Exercise details: Of all the lines below, output only those starting at the one with "HFOV 60.0°." and ending at the one with "Could you detect", both ends included, exactly as written.

Provided records:
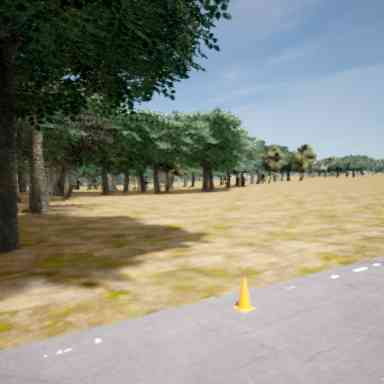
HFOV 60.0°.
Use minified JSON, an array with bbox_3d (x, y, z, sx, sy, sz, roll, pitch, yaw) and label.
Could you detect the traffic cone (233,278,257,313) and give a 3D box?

---

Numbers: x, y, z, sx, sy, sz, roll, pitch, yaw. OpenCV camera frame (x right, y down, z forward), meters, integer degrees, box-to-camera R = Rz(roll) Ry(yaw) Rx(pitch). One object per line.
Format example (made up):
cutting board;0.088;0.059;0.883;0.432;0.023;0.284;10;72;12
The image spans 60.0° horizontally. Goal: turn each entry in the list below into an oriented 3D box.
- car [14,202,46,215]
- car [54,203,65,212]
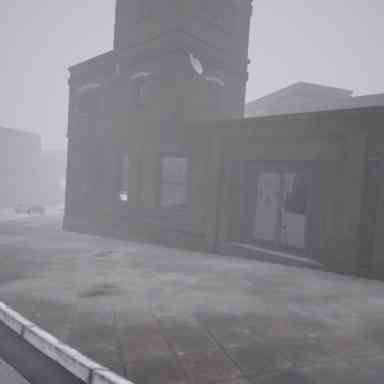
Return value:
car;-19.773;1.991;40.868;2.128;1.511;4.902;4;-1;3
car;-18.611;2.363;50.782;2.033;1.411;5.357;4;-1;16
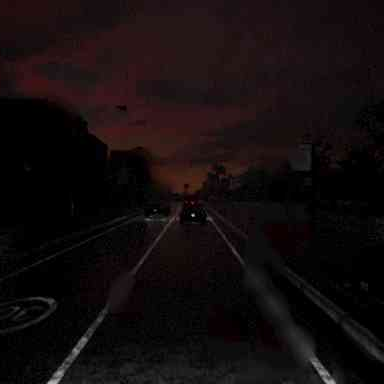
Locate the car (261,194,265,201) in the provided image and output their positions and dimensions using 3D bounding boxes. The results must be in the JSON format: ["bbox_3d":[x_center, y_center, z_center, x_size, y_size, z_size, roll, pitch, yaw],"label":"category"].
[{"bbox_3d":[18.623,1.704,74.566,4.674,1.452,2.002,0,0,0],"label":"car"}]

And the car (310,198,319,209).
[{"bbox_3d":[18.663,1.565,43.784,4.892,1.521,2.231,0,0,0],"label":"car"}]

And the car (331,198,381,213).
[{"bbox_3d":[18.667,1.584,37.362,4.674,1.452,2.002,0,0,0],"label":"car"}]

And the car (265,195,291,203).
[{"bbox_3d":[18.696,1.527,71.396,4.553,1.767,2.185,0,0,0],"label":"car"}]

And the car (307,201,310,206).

Solution:
HFOV 60.0°.
Use minified JSON, an array with bbox_3d (x, y, z, sx, sy, sz, roll, pitch, yaw) and label.
Could you detect the traffic cone (233,278,257,313) and give a 3D box?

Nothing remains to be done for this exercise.